The model I'm suggesting is:

  ruby { display: ruby }
  rt { display: ruby-text; }
  rtc { display: ruby-text; ruby-side: below; }
  rp { display: none }

and then the box construction be:

- inline content inside a 'ruby' box forms the base
- a 'ruby-text' inside a 'ruby' is placed on the side of the base specified by 'ruby-side'.

Notice how it's identical to yours, except with one less box-construction rule and one more style rule, and the style rule just works on a property that is exposed *anyway* for stylistic control even if we only supported single-sided ruby.


(My descriptions here actually assume a slightly different model than what I posted in the OP; I'm assuming that <rtc> is just an alternate <rt>, not a container for further <rt>s.  Either way works, and they're approximately equivalent in complexity.  The OP matches up with the older XHTML Ruby Module.)

Comment 5 Ian 'Hixie' Hickson 2012-12-08 21:41:24 UTC

I think we understand each other completely, and have the same facts at hand. I think we just disagree on what is simple and what is not.

Comment 6 Ian 'Hixie' Hickson 2013-02-12 23:31:28 UTC

(In reply to comment #4)
> 
> You're asserting that an extra element (<rtc> in this case) makes the
> feature more complicated, but discounting the fact that the spec's current
> situation has an extra *markup pattern*, which is at least as complex.

I don't think it's a new pattern. Nesting is a pattern HTML uses throughout.

If it was a new pattern, then a new element would similarly be a new pattern. So by definition a new element would be at least as complex.

However, a new element alone is new complexity beyond the complexity of patterns. Patterns given a set of elements and their rules can be explored and discovered. There's no way to explore your way to a new element. You just have to know it exists.

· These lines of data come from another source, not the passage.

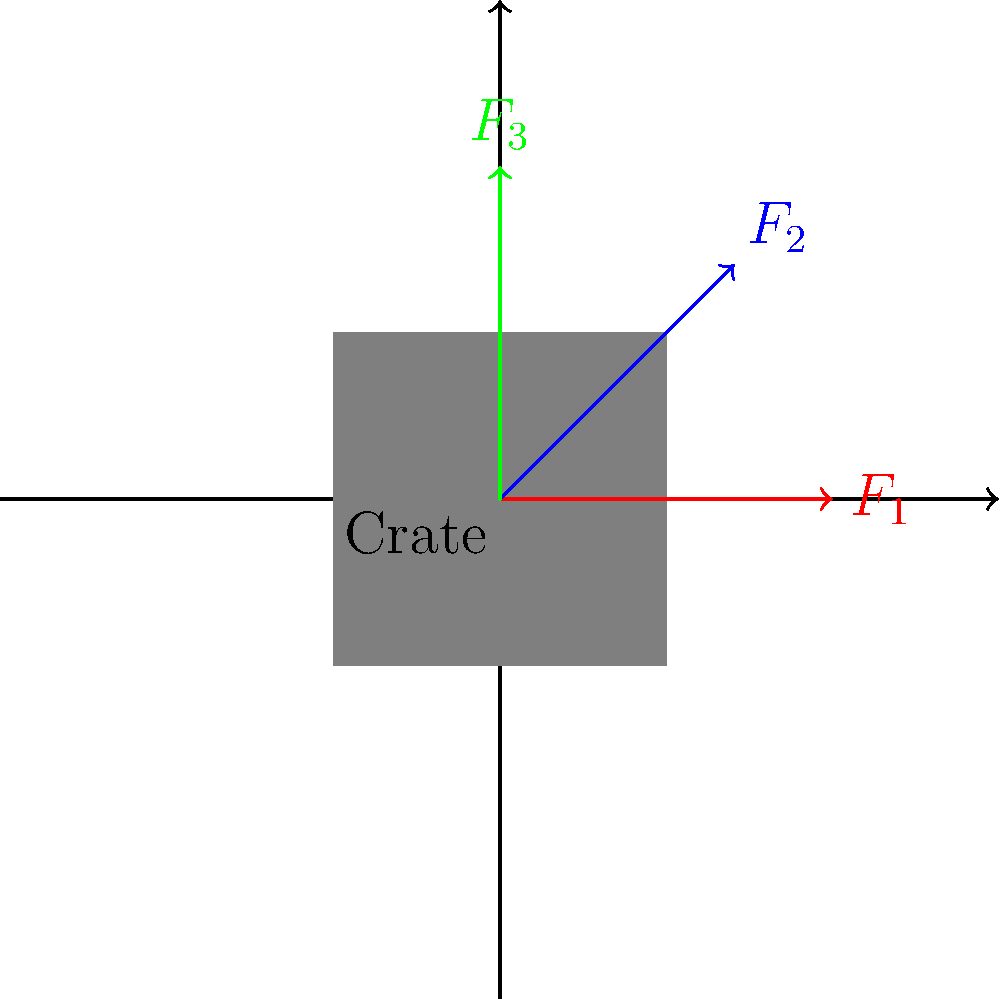In a VR game, you're testing the physics of pushing a virtual crate. The diagram shows three force vectors ($F_1$, $F_2$, and $F_3$) applied to the crate. If the magnitude of $F_1$ is 100 N and all vectors have the same length, calculate the magnitude of the vertical component of $F_2$. How might this affect the player's perception of effort when pushing the crate in different directions? To solve this problem, let's follow these steps:

1) First, we need to understand the directions of the forces:
   $F_1$ is horizontal (0°)
   $F_2$ is at a 45° angle
   $F_3$ is vertical (90°)

2) Since all vectors have the same length and $F_1$ is 100 N, we know that $F_2$ and $F_3$ also have a magnitude of 100 N.

3) To find the vertical component of $F_2$, we need to use trigonometry:
   Vertical component = $F_2 \times \sin(45°)$

4) $\sin(45°) = \frac{\sqrt{2}}{2} \approx 0.707$

5) Therefore, the vertical component of $F_2$ is:
   $100 \text{ N} \times 0.707 = 70.7 \text{ N}$

6) Regarding the player's perception:
   - Pushing horizontally ($F_1$) might feel easier as it's a natural motion.
   - Pushing at an angle ($F_2$) could feel more challenging due to the combined horizontal and vertical components.
   - Pushing straight up ($F_3$) might feel the most difficult due to working directly against gravity.

7) This variation in perceived effort could enhance the realism of the VR experience, making different pushing directions feel appropriately challenging.
Answer: 70.7 N; Players may perceive varying levels of effort based on pushing direction.

This, pretty much by definition IMHO, is why new elements are an extra level of complexity than new elements.


> I mean, if people have double-sided ruby that is amenable to per-base
> annotations (no spanning stuff), there's no way they'll use nested <ruby>s. 
> They'll *definitely* use the shorthand with sibling <rt>s, because that's
> easier to read and write.  But then, if they ever want spanning ruby on one
> side, they've got to remember that it's done with a different markup model.

Are you arguing that the simplest case should require more complex markup just so that the rarer two-sided spanning case is a logical extension of the same pattern? If so, I disagree even more. The simplest cases should use the simplest markup, even if that means that the more complex cases have more complex markup than strictly necessary. In this particular instance, we can have both the simple case with simple markup _and_ the more complex case with still relatively simple markup.

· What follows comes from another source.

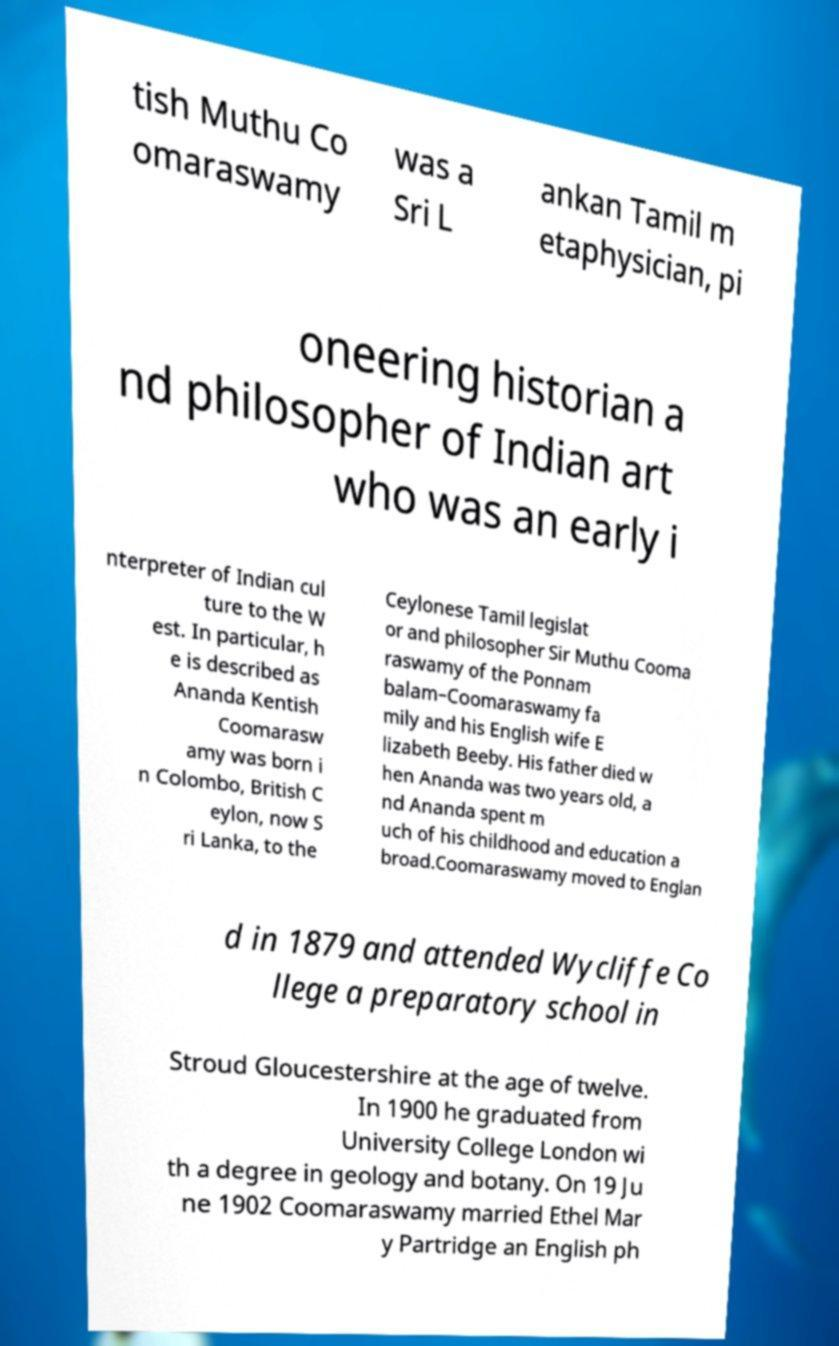Could you extract and type out the text from this image? tish Muthu Co omaraswamy was a Sri L ankan Tamil m etaphysician, pi oneering historian a nd philosopher of Indian art who was an early i nterpreter of Indian cul ture to the W est. In particular, h e is described as Ananda Kentish Coomarasw amy was born i n Colombo, British C eylon, now S ri Lanka, to the Ceylonese Tamil legislat or and philosopher Sir Muthu Cooma raswamy of the Ponnam balam–Coomaraswamy fa mily and his English wife E lizabeth Beeby. His father died w hen Ananda was two years old, a nd Ananda spent m uch of his childhood and education a broad.Coomaraswamy moved to Englan d in 1879 and attended Wycliffe Co llege a preparatory school in Stroud Gloucestershire at the age of twelve. In 1900 he graduated from University College London wi th a degree in geology and botany. On 19 Ju ne 1902 Coomaraswamy married Ethel Mar y Partridge an English ph

> In my suggestion, the simple case is equally simple (rather than
> <rb><rt><rt>, you do <rb><rt><rtc>)

IMHO that's an order of magnitude more complicated, not equally simple. It requires knowing about a whole new element.


> Notice how it's identical to yours, except with one less box-construction
> rule and one more style rule, and the style rule just works on a property
> that is exposed *anyway* for stylistic control even if we only supported
> single-sided ruby.

I don't see any value in optimising for simplifying the CSS here. Ruby CSS is only rarely going to be actually authored. Most of the time it'll just be in the UA style sheet and the UA rendering code. Far better to put complexity there, and pay the cost up-front in a few implementations, than force all authors of ruby to deal with it.


In conclusion, I disagree with the premise of this bug. The use case in question are already simple to author, and the proposals are not simpler.